Une histoire d’A…

Elles se souvenaient de leur première rencontre, comme si c’était hier.

Elle s’étaient rapidement entrevues et pourtant, cela avait suffit à créer une connexion unique.

Durant la cérémonie, elles étaient restées cachées, prêtes pour leur grande apparition. 

Leur moment de gloire.

Dès l’instant où la lumière se fit sur elles, elles comprirent qu’elles étaient faites l’une pour l’autre.

À la fois belles et brillantes, elles n’avaient rien à envier à personne.

Elles allaient devenir des symboles, une seconde peau, collée là, tout contre la veine palpitante du doigt, celle qui conduit vers le coeur.

Elles se glissèrent avec délice dans ce nouveau rôle et apprirent à connaître celle et celui qu’elles se destinaient à accompagner.

Discrètes, elles étaient désormais de toutes les photos.

Elles firent des voyages inoubliables, traversèrent les continents, découvrirent des paysages beaux à couper le souffle.

La plupart du temps, elles s’entrapercevaient de loin, le temps d’un reflet, chatoyant comme un clin d’oeil.

Plus rarement, elle parvenaient à se toucher, lors de ces étreintes qui possédaient un goût d’éternité.

Les années glissaient sur elles, leur apportant une patine qui les rendaient encore plus désirables.

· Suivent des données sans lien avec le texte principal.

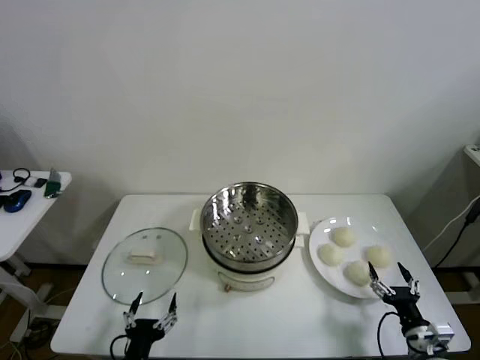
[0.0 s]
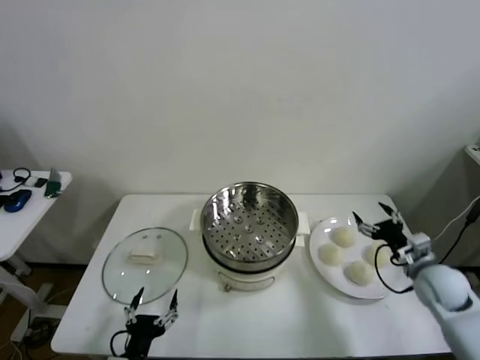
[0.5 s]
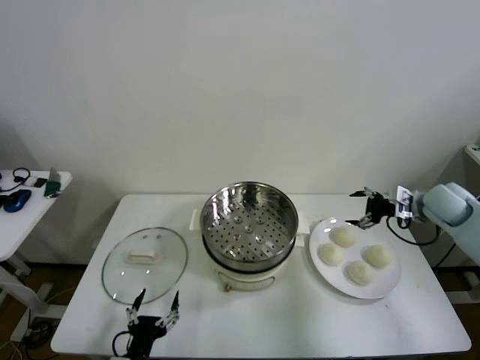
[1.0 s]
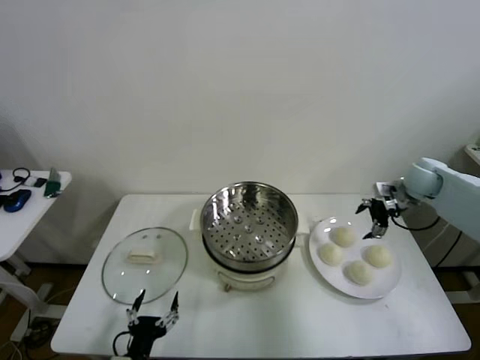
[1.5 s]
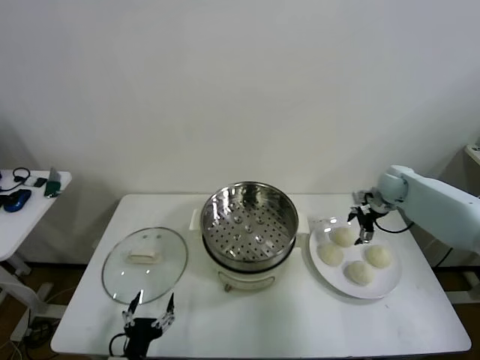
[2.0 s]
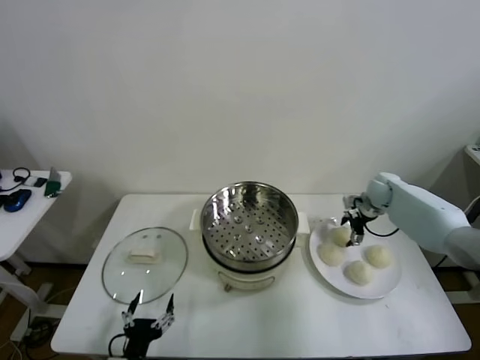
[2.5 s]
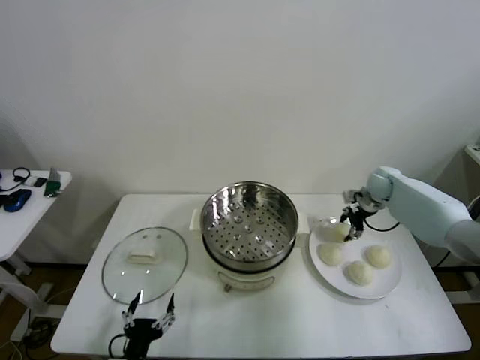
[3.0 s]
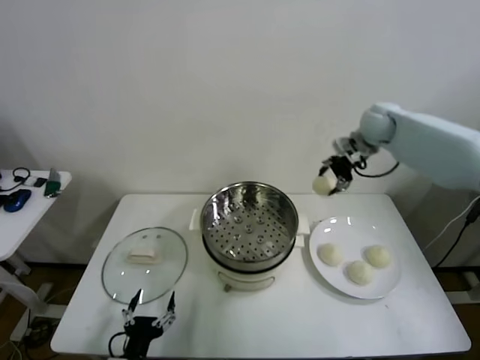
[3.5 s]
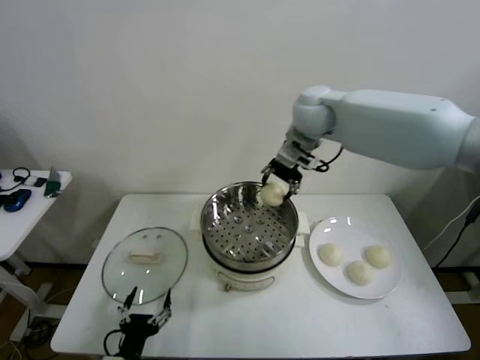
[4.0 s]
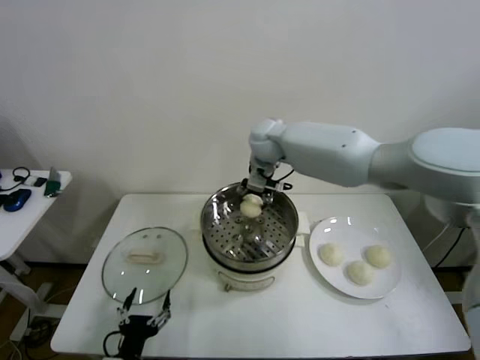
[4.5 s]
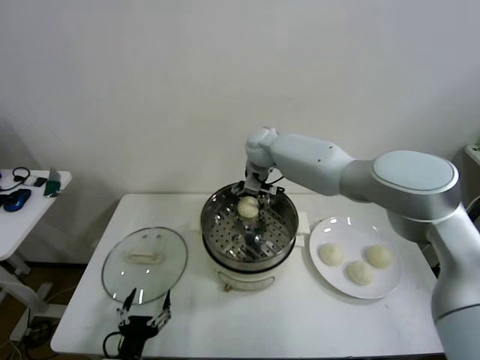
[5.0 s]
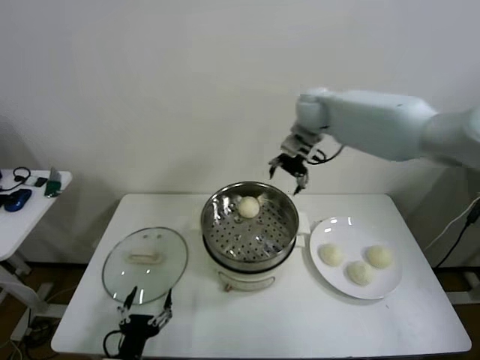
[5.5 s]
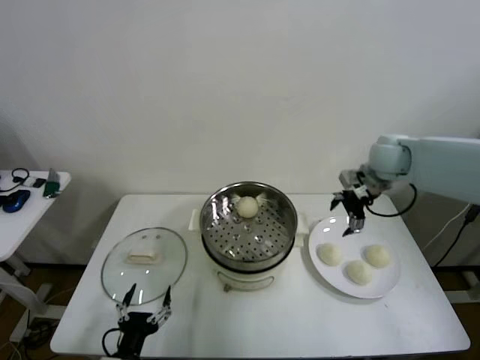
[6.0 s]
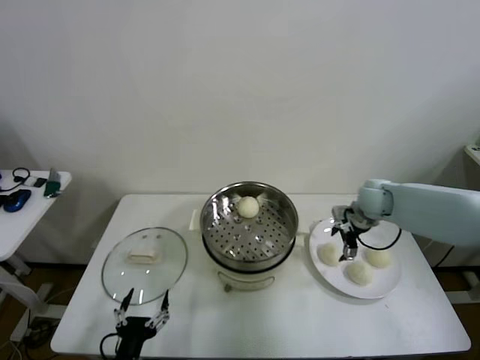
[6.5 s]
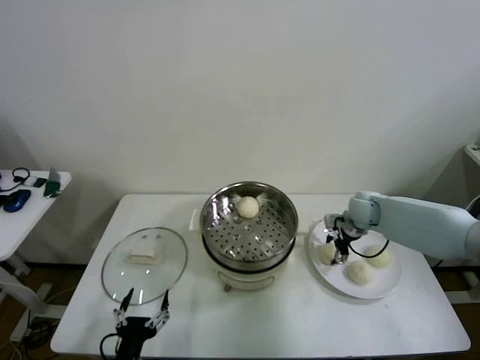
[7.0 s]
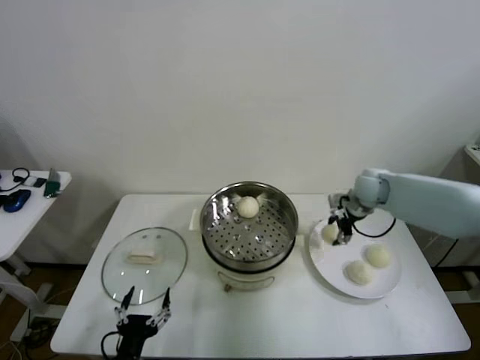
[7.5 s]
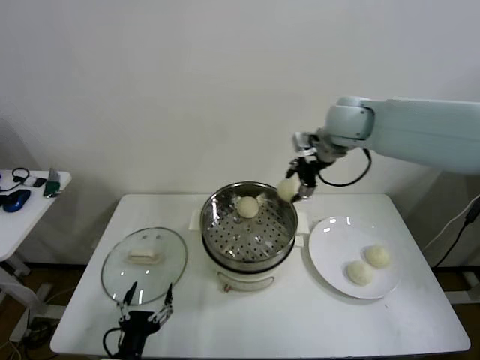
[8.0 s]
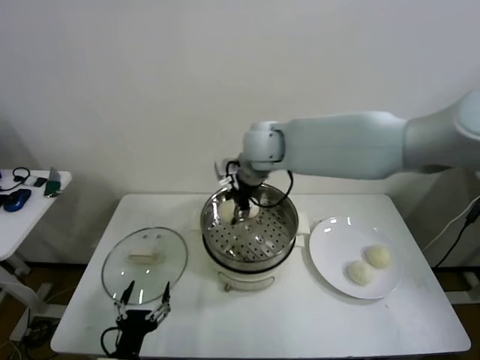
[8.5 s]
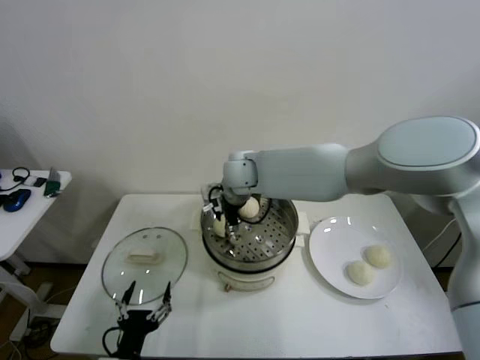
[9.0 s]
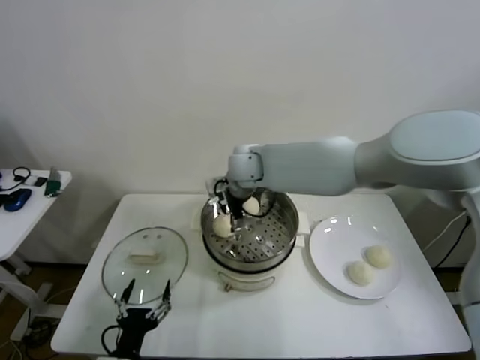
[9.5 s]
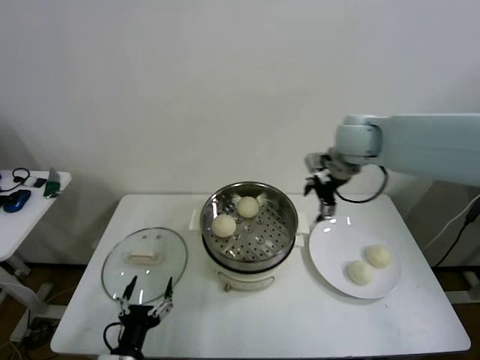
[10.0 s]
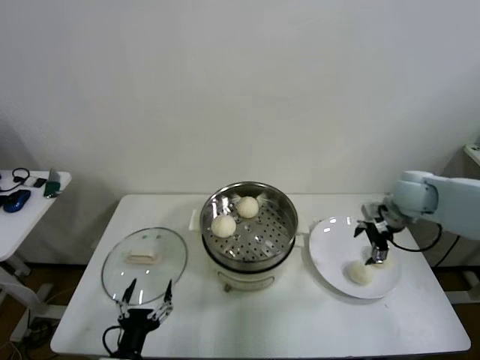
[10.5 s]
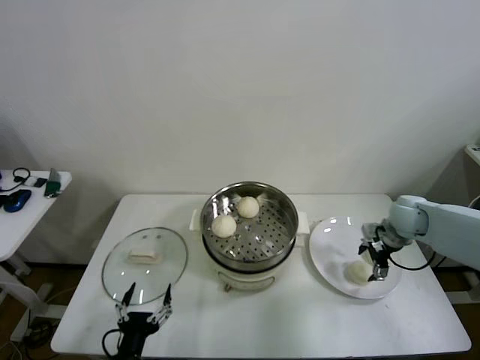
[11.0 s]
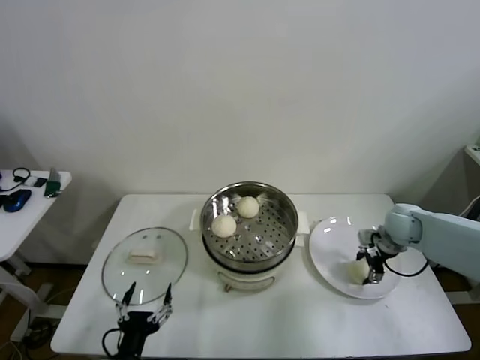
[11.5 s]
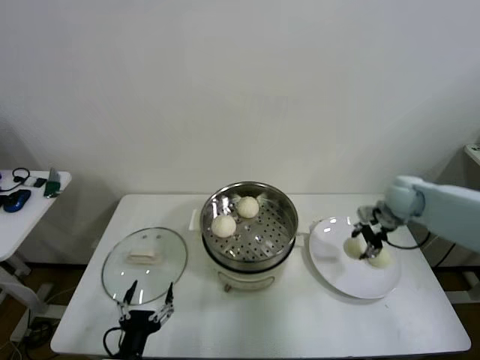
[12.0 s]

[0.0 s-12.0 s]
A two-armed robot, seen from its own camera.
Step, 0.0 to 2.5 s: Grasp the baozi in the plate with right gripper.
Step, 3.0 to 5.0 s: Place the baozi on the steamer with right gripper.
Step, 5.5 to 7.0 s: Grasp the baozi in the plate with right gripper.
Step, 7.5 to 9.0 s: Place the baozi on the steamer with right gripper.
Step, 9.5 to 11.5 s: Grasp the baozi in the plate with right gripper.
2.0 to 4.0 s: The right gripper heads to the left and upward, covering roughly 35 cm, and closes up.
4.0 to 6.0 s: The right gripper is displaced to the right and downward by approximately 25 cm, and opens up.
6.0 to 8.0 s: The right gripper heads to the left and upward, covering some 20 cm, and closes.
8.0 to 10.0 s: The right gripper moves roughly 20 cm to the left and comes back, and opens up.
10.0 to 12.0 s: The right gripper shifts some 15 cm downward and to the right, and closes up.

Leur quotidien était fait de ces mêmes petites joies qui ponctuent le fil des jours : un café en terrasse, une écharpe que l’on serre autour de son cou pour se préserver des premiers frimas, un animal familier que l’on caresse…

Leurs atours de métal les rendaient moins sensibles aux effets du temps, à tel point qu’elles s’étaient mises à y croire réellement, chacune de leur côté, à cette éternité de l’amour.

Elles n’avaient pas vu venir les rides, sur les mains comme sur les commissures des lèvres… 

Un soir, une main se serra pour la dernière fois autour de celle, inerte, d’un compagnon de vie qui n’était plus.

Un matin, l’une d’elles fut séparée de ce doigt dont elle faisait tellement partie qu’elle y avait laissé sa marque : une empreinte que la mort elle-même semblait incapable d’effacer.

Quelques jours plus tard, elle se retrouva entre les mains expertes de celui qui allait lui ôter quelques grammes de matière, pour lui permettre d’épouser un autre doigt.

Elle vint ainsi rejoindre celle avec laquelle elle avait partagé, de loin, la même existence, vécu les mêmes instants de bonheur, de doute, de colère et d’amour.

Enfin, elle ne faisaient plus qu’une, accompagnant la langueur de jours devenus trop longs.

Elles suivirent ensemble le lent déclin d’une âme désormais solitaire, vivant dans la nostalgie de son amour perdu.

Quelques années plus tard, elles retrouvèrent un écrin, celui-là même qui s’était ouvert sur elles des décennies plus tôt ; et la nuit se referma sur elles.

Nul ne sait si le temps qui s’ensuivit se dénombra en mois, en années ou en siècles.

Soudain, l’écrin de velours s’agita avant de s’ouvrir sur un visage, jeune et souriant. Qui fut rapidement rejoint par un autre, tout aussi beau et enthousiaste.

Il ne fallut pas grand chose pour leur restituer leur éclat d’antan. 

Cette fois, elles savaient ce qui les attendait. La cérémonie n’était qu’un nouveau point de départ. 

Dans ce monde où tout allait toujours plus vite, elles restaient les symboles d’une force indépassable. Celui d’une nouvelle vie à deux, dont elles entendaient bien profiter. À chaque seconde.